(Saved data entries)
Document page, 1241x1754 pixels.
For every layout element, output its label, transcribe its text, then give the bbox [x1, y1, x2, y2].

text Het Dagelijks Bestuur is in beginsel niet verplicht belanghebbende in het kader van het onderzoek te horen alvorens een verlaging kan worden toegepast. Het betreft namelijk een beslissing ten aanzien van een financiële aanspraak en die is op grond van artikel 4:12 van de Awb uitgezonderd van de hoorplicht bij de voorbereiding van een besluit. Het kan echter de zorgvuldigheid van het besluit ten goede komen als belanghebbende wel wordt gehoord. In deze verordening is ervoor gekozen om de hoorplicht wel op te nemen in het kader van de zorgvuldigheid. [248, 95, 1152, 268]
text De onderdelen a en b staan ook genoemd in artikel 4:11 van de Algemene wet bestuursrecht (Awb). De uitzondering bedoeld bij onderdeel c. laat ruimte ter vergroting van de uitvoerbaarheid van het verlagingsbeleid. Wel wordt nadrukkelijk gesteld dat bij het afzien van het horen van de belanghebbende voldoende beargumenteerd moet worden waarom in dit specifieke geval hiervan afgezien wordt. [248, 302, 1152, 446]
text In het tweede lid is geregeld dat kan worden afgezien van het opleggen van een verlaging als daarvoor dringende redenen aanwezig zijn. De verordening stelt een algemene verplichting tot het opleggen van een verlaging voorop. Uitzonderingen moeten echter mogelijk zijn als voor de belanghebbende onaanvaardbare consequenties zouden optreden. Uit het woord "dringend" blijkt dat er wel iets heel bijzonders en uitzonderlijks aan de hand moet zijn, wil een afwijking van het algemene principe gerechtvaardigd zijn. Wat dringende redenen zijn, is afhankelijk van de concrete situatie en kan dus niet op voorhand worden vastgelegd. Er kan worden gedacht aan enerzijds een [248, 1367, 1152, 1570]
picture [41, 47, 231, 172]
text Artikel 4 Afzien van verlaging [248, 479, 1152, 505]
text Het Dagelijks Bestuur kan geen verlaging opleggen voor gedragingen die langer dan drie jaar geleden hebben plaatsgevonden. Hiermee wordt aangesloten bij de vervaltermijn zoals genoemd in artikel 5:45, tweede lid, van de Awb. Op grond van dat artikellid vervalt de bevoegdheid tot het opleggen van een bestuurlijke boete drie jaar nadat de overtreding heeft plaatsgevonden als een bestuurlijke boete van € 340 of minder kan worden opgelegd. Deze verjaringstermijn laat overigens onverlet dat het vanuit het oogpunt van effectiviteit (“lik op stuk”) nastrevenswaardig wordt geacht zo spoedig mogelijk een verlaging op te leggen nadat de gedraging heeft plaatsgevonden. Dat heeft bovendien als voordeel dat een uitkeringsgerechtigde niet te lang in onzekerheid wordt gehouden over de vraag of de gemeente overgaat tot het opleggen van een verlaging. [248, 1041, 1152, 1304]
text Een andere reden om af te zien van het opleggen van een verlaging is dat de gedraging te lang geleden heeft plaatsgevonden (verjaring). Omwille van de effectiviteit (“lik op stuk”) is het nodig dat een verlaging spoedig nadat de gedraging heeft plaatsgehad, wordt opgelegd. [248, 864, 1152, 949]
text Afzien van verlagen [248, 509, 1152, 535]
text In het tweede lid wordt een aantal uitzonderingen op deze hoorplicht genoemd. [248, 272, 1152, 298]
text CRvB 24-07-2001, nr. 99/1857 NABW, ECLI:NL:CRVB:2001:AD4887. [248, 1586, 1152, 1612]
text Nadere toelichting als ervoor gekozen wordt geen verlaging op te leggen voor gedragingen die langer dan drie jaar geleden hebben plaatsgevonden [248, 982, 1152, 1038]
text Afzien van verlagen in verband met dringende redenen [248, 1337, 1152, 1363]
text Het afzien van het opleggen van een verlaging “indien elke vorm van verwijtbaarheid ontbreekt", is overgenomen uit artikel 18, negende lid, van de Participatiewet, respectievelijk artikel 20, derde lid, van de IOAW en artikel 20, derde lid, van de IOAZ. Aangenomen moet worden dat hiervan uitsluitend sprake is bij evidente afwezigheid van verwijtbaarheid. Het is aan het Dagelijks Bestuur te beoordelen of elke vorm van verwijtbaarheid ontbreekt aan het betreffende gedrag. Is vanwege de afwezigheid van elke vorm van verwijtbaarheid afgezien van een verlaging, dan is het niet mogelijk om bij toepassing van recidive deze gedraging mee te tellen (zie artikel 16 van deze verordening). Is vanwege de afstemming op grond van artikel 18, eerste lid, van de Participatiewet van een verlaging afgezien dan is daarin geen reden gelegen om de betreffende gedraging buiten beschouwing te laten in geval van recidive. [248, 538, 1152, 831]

* * *

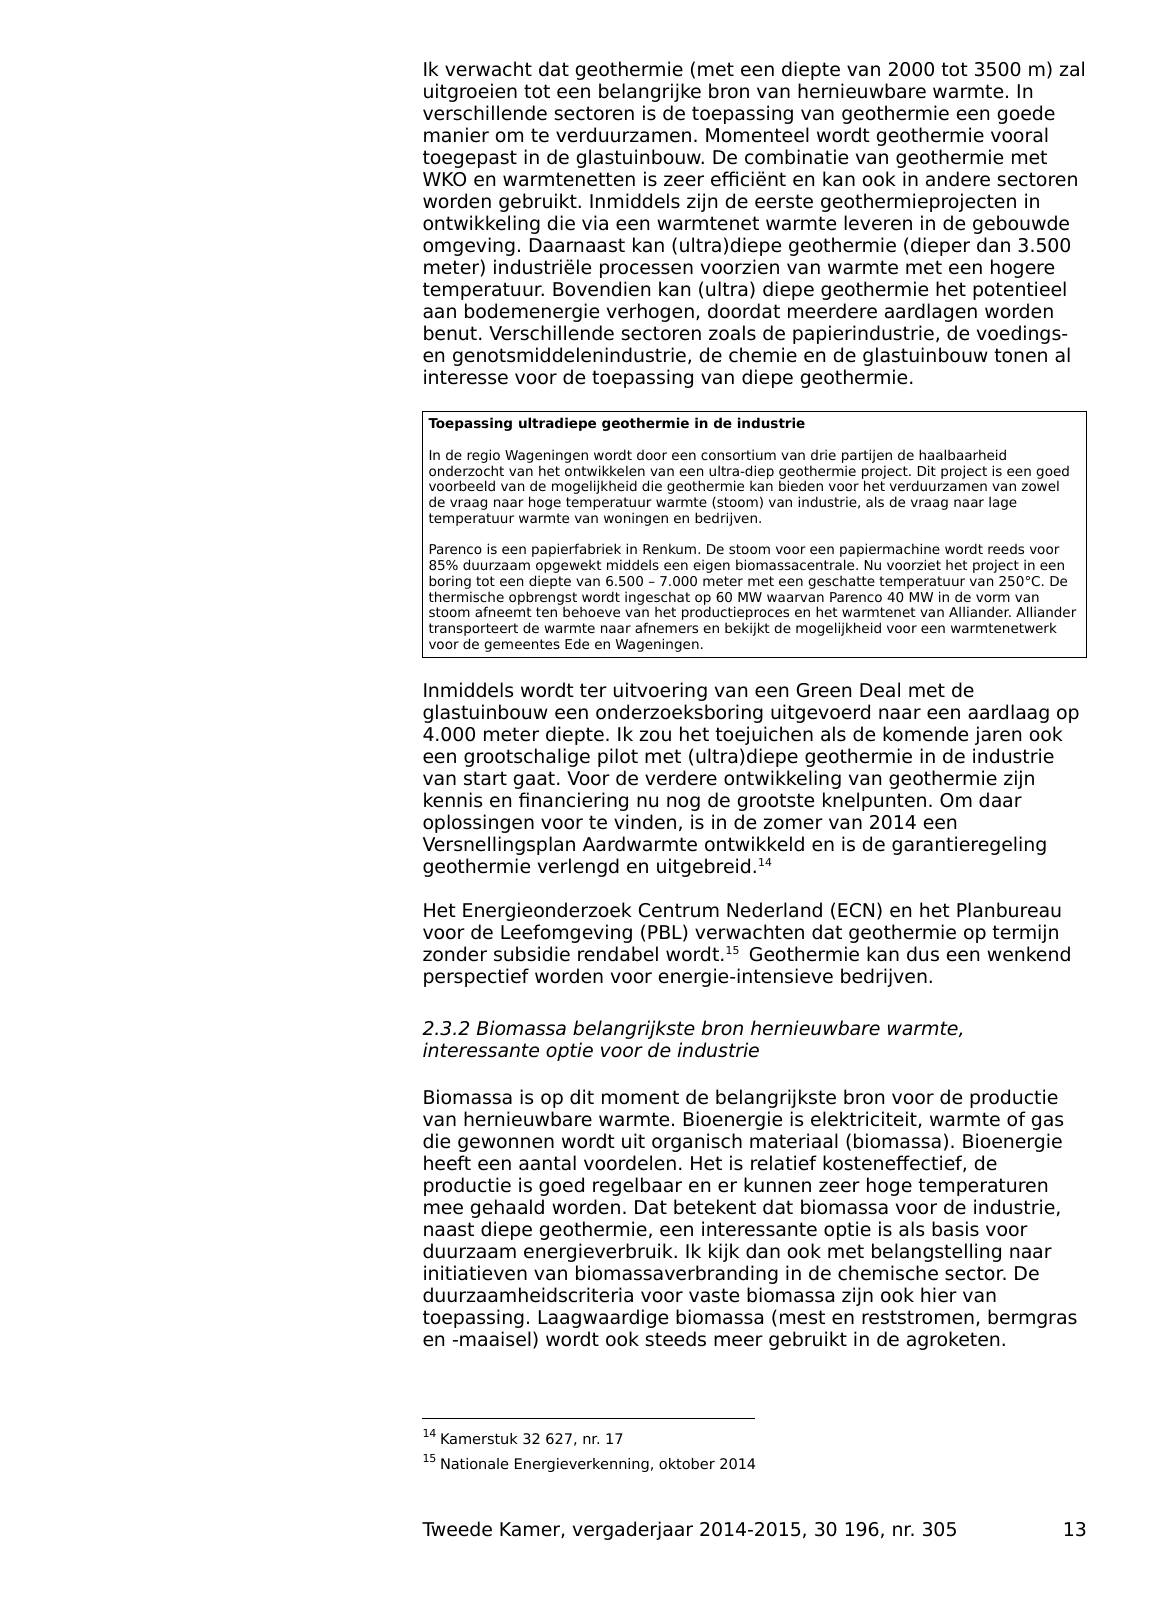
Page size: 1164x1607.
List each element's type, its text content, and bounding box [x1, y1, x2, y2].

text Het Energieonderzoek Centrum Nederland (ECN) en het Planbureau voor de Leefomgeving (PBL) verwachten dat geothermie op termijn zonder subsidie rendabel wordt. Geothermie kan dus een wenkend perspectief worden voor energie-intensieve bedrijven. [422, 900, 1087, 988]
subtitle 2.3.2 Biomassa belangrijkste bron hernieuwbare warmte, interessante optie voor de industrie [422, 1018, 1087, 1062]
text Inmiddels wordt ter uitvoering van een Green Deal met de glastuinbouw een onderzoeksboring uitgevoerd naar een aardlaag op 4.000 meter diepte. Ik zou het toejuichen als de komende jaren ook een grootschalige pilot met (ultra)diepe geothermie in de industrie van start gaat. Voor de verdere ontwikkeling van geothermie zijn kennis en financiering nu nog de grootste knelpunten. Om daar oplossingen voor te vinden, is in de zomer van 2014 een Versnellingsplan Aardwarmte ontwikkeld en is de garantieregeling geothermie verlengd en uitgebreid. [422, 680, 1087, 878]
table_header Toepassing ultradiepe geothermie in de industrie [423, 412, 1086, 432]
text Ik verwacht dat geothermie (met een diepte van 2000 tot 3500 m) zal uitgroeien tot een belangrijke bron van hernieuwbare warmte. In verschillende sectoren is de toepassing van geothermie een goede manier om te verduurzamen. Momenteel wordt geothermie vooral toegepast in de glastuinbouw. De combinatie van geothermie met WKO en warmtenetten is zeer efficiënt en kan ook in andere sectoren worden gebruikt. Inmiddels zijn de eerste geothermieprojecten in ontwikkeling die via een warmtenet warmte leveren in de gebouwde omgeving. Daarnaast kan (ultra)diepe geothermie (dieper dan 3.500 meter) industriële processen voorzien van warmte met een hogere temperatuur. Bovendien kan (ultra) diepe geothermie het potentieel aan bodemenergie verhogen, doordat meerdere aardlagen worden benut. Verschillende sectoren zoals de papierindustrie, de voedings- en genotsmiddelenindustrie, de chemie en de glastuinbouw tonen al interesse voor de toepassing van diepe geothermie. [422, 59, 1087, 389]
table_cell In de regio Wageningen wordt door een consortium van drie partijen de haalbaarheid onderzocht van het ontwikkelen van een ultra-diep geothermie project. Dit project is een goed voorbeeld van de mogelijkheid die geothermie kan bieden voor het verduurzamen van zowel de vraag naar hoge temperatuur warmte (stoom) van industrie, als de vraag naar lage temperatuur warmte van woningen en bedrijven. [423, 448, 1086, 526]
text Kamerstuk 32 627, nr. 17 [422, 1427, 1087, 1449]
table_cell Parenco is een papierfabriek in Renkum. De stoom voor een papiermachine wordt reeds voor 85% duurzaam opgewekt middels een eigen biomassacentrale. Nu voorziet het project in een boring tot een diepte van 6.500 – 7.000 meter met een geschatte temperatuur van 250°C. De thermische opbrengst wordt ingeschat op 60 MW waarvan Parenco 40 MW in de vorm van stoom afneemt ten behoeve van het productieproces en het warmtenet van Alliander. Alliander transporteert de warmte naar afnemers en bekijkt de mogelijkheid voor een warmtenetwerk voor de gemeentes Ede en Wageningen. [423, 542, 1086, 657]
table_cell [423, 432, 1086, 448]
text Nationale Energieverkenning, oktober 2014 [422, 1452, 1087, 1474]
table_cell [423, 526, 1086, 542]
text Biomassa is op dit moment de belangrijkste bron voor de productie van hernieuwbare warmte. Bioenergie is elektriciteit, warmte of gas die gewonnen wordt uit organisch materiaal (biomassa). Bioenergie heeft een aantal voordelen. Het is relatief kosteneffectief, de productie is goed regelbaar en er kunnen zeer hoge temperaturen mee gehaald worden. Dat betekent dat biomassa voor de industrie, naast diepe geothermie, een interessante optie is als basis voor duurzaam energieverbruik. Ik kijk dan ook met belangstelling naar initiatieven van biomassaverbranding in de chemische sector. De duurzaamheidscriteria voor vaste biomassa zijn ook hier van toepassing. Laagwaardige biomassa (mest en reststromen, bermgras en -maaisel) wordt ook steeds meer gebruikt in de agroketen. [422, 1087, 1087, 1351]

...

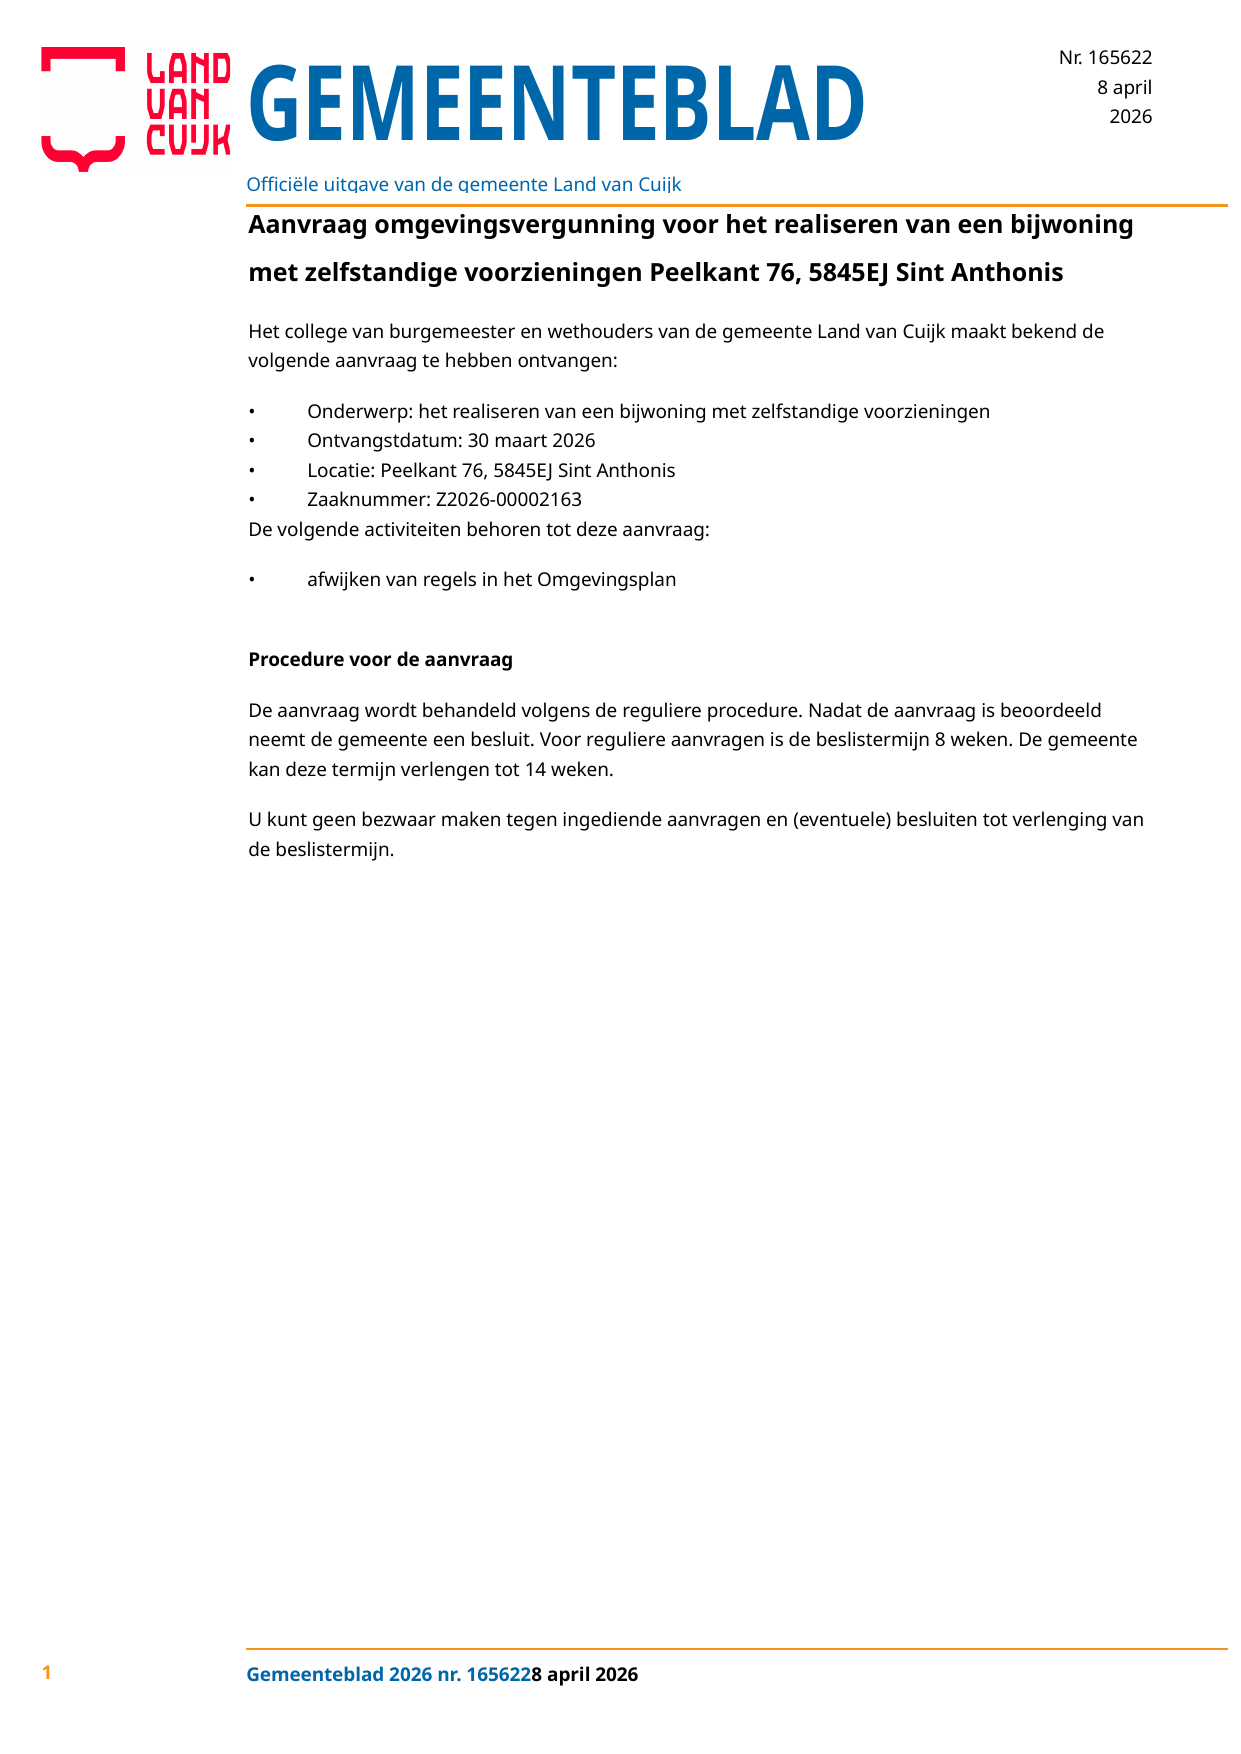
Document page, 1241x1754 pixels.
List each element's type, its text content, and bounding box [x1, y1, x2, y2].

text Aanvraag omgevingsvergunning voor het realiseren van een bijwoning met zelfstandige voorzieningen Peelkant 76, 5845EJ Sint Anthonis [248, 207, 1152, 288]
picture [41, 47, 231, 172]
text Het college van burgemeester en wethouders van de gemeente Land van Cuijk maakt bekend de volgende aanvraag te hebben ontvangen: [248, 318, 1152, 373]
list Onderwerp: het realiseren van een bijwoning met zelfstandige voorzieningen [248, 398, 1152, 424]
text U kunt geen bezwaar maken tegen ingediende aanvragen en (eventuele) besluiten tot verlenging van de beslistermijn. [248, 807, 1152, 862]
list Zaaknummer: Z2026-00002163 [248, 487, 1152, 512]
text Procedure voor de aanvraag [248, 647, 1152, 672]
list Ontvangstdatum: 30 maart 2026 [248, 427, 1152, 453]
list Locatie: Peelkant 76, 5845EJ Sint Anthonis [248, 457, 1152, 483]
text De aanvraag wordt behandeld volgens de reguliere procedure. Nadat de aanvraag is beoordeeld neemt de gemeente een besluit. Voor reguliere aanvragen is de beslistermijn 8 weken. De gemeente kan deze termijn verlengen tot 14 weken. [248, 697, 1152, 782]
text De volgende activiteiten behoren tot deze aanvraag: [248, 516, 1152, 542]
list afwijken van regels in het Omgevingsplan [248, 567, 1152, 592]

## ABOUT THIS TASK:
Scan the entries above for the line containing "text CRvB 24-07-2001, nr.", and copy it and all lines after it exactly, down to and including the line containing "text Afzien van verlagen in".

## ANSWER:
text CRvB 24-07-2001, nr. 99/1857 NABW, ECLI:NL:CRVB:2001:AD4887. [248, 1586, 1152, 1612]
text Nadere toelichting als ervoor gekozen wordt geen verlaging op te leggen voor gedragingen die langer dan drie jaar geleden hebben plaatsgevonden [248, 982, 1152, 1038]
text Afzien van verlagen in verband met dringende redenen [248, 1337, 1152, 1363]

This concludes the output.